Retired Lt-Gen V.R. Raghavan, adviser to the Delhi Policy Group, and Commodore Uday Bhaskar, former director of the state-funded Institute for Defence Strategy and Analyses, gave different explanations for the problem.

“The army has four main criteria for selection to the officer cadre,” Raghavan said. These were education, aptitude, medical & physical condition and moral character (read no criminal record). Aptitude and leadership traits are judged through proven psychological tests, where not many make the grade.”

Accordingly, he says, “the challenge of the military is not of marketing with high pay scales, nor in selling adventure and excitement like tourism ads. The challenge lies in restructuring, to attract young officers to fill the 11,000 vacancies. This is best done by expanding the infrastructure to train officers for short service, by accepting a marginally lower standard at entry, and paying a truly rewarding retirement package after five years’ service.” What Lt-Gen Raghavan did not clarify was that lowering the hurdles could work both ways, and may in fact deepen the existing rot.

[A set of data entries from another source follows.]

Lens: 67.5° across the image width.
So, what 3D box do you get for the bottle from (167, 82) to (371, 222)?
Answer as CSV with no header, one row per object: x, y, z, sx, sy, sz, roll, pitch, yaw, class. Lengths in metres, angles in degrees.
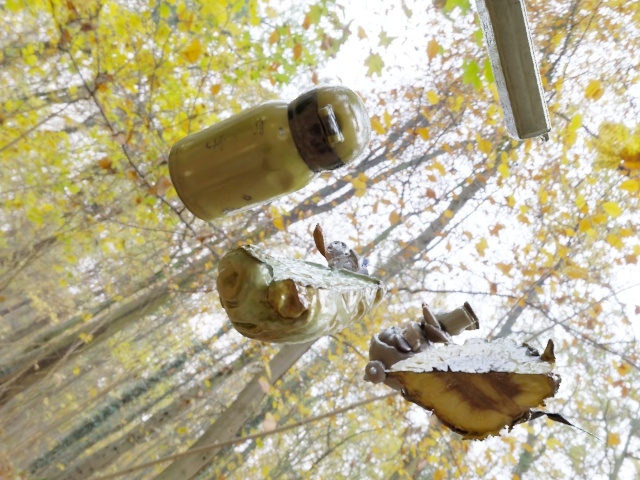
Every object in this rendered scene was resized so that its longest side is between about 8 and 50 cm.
-0.079,-0.157,0.843,0.351,0.171,0.172,-16,-74,23,bottle

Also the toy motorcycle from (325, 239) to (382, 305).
0.070,0.085,1.230,0.254,0.112,0.112,-130,-149,-50,toy motorcycle

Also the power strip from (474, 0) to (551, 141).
0.281,-0.270,0.707,0.052,0.078,0.272,-17,-75,11,power strip

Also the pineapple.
0.310,0.266,0.879,0.334,0.161,0.158,-20,-89,35,pineapple

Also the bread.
-0.019,0.057,0.508,0.128,0.232,0.088,22,-84,22,bread

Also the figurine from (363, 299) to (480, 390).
0.305,0.315,1.449,0.380,0.248,0.203,-35,-99,11,figurine

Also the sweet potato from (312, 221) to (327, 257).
0.000,0.000,1.236,0.034,0.034,0.095,-18,-95,50,sweet potato
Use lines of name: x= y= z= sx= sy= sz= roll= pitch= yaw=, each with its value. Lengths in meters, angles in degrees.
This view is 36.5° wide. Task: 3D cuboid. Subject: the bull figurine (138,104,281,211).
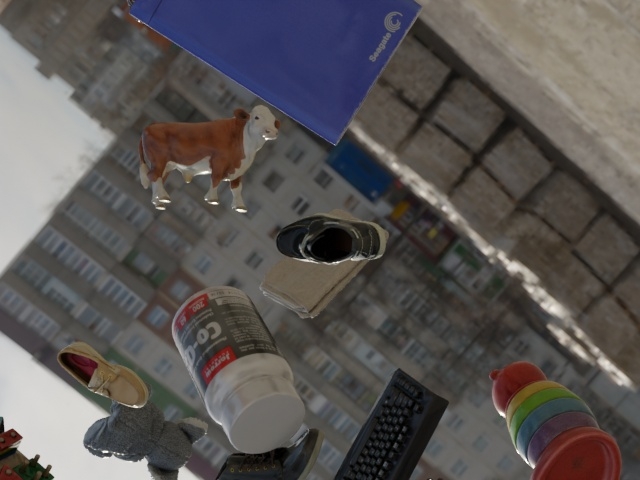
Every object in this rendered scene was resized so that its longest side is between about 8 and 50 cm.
bull figurine: x=-0.209 y=-0.155 z=1.823 sx=0.310 sy=0.189 sz=0.101 roll=1 pitch=169 yaw=28

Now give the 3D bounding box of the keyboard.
keyboard: x=0.078 y=0.342 z=1.303 sx=0.033 sy=0.317 sz=0.201 roll=27 pitch=-179 yaw=-35

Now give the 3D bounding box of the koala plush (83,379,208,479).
koala plush: x=-0.373 y=0.433 z=2.130 sx=0.221 sy=0.196 sz=0.203 roll=36 pitch=166 yaw=-17

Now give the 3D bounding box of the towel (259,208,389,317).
towel: x=0.008 y=0.050 z=2.206 sx=0.187 sy=0.282 sz=0.049 roll=27 pitch=154 yaw=45

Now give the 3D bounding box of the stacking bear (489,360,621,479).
stacking bear: x=0.414 y=0.334 z=1.810 sx=0.175 sy=0.164 sz=0.289 roll=-1 pitch=-153 yaw=-17

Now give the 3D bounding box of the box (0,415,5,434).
box: x=-0.568 y=0.400 z=1.562 sx=0.060 sy=0.101 sz=0.244 roll=4 pitch=-148 yaw=-3

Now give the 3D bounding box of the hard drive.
hard drive: x=-0.058 y=-0.297 z=1.260 sx=0.318 sy=0.210 sz=0.040 roll=32 pitch=-173 yaw=-1

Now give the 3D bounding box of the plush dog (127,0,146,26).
plush dog: x=-0.176 y=-0.386 z=1.436 sx=0.262 sy=0.225 sz=0.211 roll=-89 pitch=-1 yaw=-47

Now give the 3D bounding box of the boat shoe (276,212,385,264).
boat shoe: x=0.000 y=0.000 z=1.649 sx=0.233 sy=0.084 sz=0.079 roll=1 pitch=-168 yaw=45

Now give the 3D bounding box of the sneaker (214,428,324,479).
sneaker: x=-0.091 y=0.387 z=1.681 sx=0.118 sy=0.222 sz=0.083 roll=35 pitch=-156 yaw=-6

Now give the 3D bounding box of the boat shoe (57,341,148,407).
boat shoe: x=-0.362 y=0.227 z=1.598 sx=0.170 sy=0.063 sz=0.059 roll=27 pitch=-167 yaw=17

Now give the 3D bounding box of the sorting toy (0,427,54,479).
sorting toy: x=-0.442 y=0.331 z=1.369 sx=0.274 sy=0.046 sz=0.132 roll=37 pitch=-159 yaw=14

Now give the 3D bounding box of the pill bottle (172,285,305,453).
pill bottle: x=-0.144 y=0.222 z=1.696 sx=0.161 sy=0.161 sz=0.283 roll=38 pitch=-169 yaw=-42
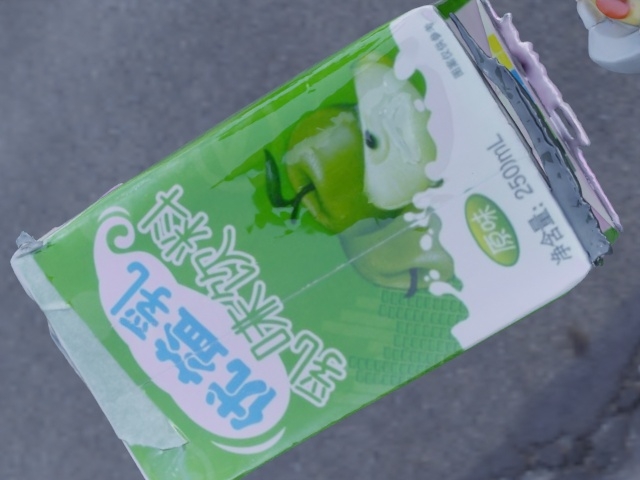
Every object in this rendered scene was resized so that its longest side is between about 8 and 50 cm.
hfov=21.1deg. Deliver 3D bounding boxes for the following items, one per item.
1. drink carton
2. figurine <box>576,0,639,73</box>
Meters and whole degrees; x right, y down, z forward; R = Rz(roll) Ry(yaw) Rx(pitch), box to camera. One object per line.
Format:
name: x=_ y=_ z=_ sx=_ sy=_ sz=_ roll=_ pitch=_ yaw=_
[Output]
drink carton: x=0.000 y=0.000 z=0.856 sx=0.271 sy=0.108 sz=0.161 roll=-31 pitch=91 yaw=18
figurine: x=0.218 y=-0.216 z=1.170 sx=0.133 sy=0.236 sz=0.176 roll=-17 pitch=49 yaw=11

Commodore Bhaskar says the fact that the Indian Army has a shortage of little under a quarter of its sanctioned strength, “is a stark and irrefutable indicator that the Indian state is unable to attract the kind of talent required.” He blames it on a marketing problem “by way of being (un)able to convincingly persuade the qualified Indian youth to don uniform, at a time when there are many more attractive job opportunities (which is a familiar socio-economic and HR pattern with economies in transition) but the onus I am afraid is less with the Army and more with the government of India”.

Bhaskar’s assessment of the Indian Army’s headache reveals a stark admission of the reality that much of the idea of a selfless soldier is a contrived myth, with or without the burnt beard that fanned so much anger in Najman Bua.

The writer is Dawn’s correspondent in Delhi.